The recognition of caste as a dimension of discrimination is gaining institutional support in the U.S.
The California State University (CSU) system’s board of trustees voted unanimously on Tuesday to ratify a collective bargaining agreement (CBA) with its faculty union that adds caste to the list of categories that are protected against discrimination. The move comes after a few hundred individuals allied with trade coalitions and rights groups as well as faculty wrote in support of the move, which was opposed by a smaller group of eighty-plus faculty that said it would target Indian and South Asian origin individuals for special scrutiny.
The addition of caste as a ‘protected category’ to the CBA with the union (the California Faculty Association or CFA), follows from an earlier move by the 23- campus system to bring caste into the purview of its anti-discrimination policy.
Thenmozhi Soundararajan, Executive Director of Equality Labs, a Dalit rights organisation that works for institutional recognition of caste discrimination, said that the “ undemocratic efforts of opponents who are opposed to caste equity” could not derail things – a reference to the opposition from a faculty group that opposed the change. The group had the backing of the Hindu American Foundation (HAF), that had written to oppose the move.
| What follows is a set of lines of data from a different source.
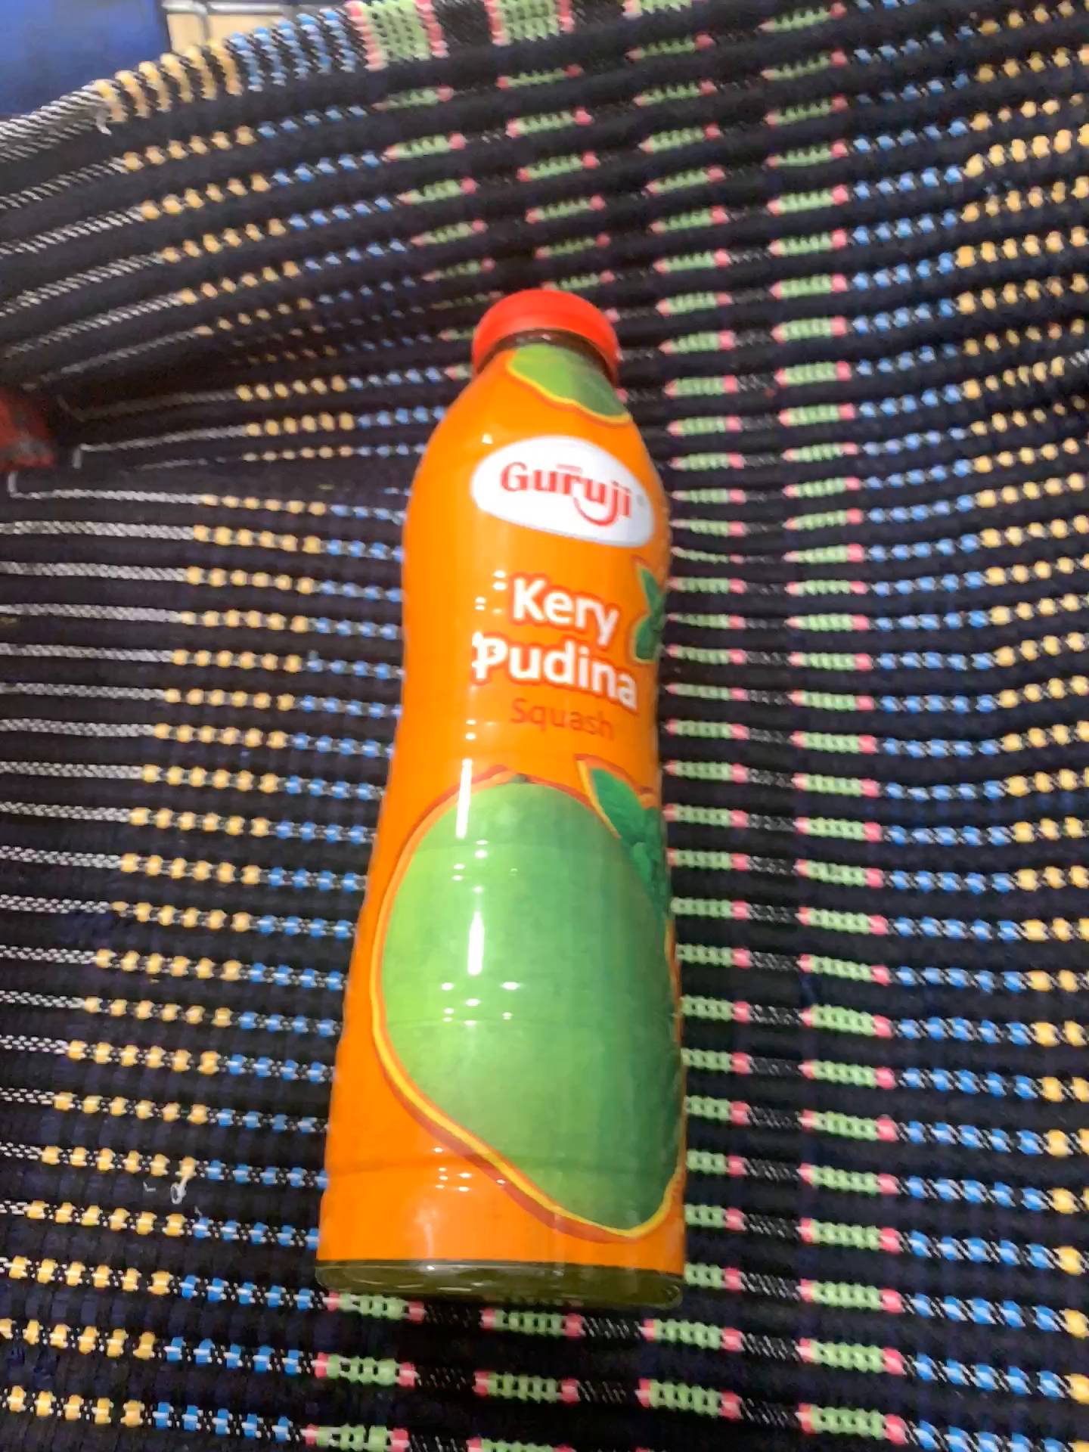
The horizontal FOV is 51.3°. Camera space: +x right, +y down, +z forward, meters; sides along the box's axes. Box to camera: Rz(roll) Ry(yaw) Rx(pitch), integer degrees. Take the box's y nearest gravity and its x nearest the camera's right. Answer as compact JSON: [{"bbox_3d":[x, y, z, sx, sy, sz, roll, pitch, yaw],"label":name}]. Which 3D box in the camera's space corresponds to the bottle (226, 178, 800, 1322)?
[{"bbox_3d":[0.000,-0.002,0.250,0.070,0.070,0.231,26,54,-35],"label":"bottle"}]
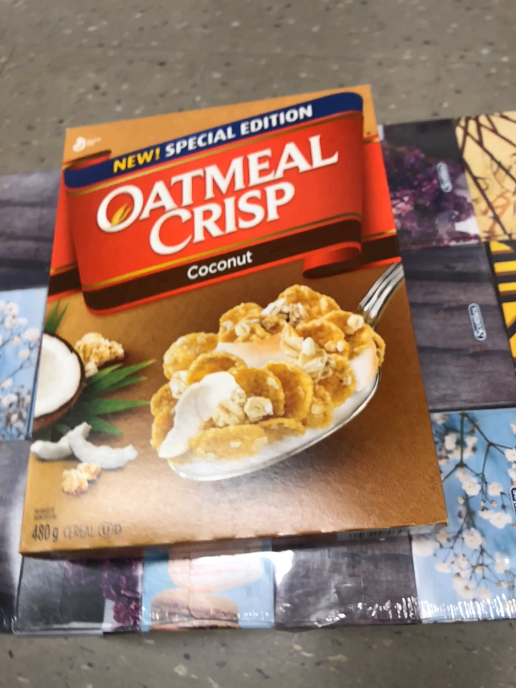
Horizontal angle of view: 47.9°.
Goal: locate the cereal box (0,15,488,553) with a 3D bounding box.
[{"bbox_3d":[-0.018,-0.047,0.335,0.210,0.060,0.290,-10,61,9],"label":"cereal box"}]
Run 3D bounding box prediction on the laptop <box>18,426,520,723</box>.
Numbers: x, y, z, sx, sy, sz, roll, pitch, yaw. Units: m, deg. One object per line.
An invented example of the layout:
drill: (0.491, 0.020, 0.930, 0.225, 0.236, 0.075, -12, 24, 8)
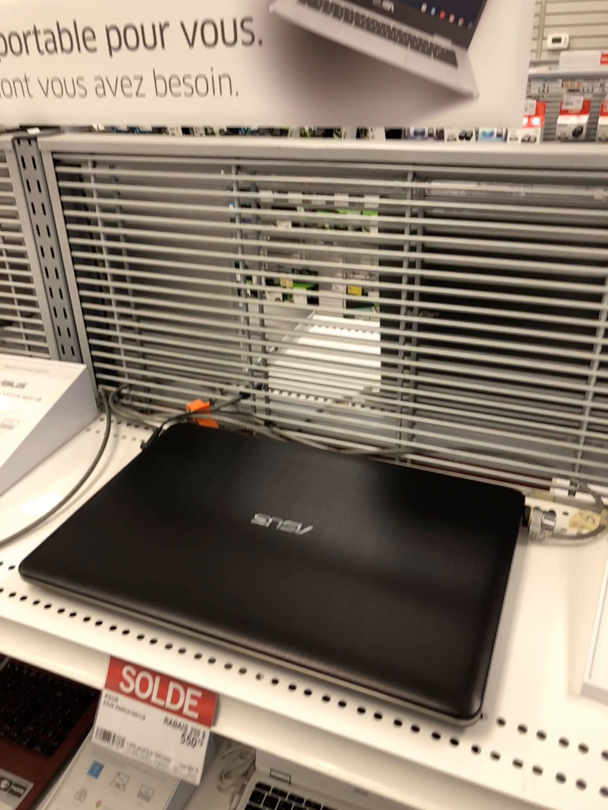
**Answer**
laptop: (-0.018, 0.117, 0.589, 0.368, 0.013, 0.235, 11, 33, 19)

“Neither CFA nor CSU have the right to negotiate a denial of constitutional rights to equal protection and due process,” Suhag Shukla, Executive Director of HAF said in a statement to the trustees that she posted to her Twitter account. Ms. Shukla said she was not given the opportuity to provide testimony but the statement contained what she had planned to say.
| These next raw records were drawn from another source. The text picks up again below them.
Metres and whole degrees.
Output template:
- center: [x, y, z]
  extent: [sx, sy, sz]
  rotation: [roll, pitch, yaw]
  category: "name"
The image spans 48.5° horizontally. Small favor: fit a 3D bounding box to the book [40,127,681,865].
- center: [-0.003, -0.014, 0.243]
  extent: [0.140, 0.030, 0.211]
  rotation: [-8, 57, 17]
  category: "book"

“Combatting discrimination of all kinds is a shared goal, but mandating disparate treatment of only Indian and South Asian faculty with a non-facially neutral class is discrominatory and not a solution,” she said in the statement.
“We have already won and we will defend our win even if we have to go to the highest court in the United States. Justice will not be denied. We now look forward to implementing these policies,” Ms. Soundararajan said.
The recognition of caste as a dimension of discrimination is gaining institutional support in the U.S. For instance, in December, Harvard University ratified an agreemnet with its Graduate Student Union in December which included caste as a protected category.
Among those who sent letters and statements of support for the inclusion of caste in the Cal State CBA were the California Trade Justice Coalition – an alliance of unions and rights groups and APALA AFL-CIO, an Asian American workers alliance affiliated with the AFL-CIO, the country’s largest federation of unions.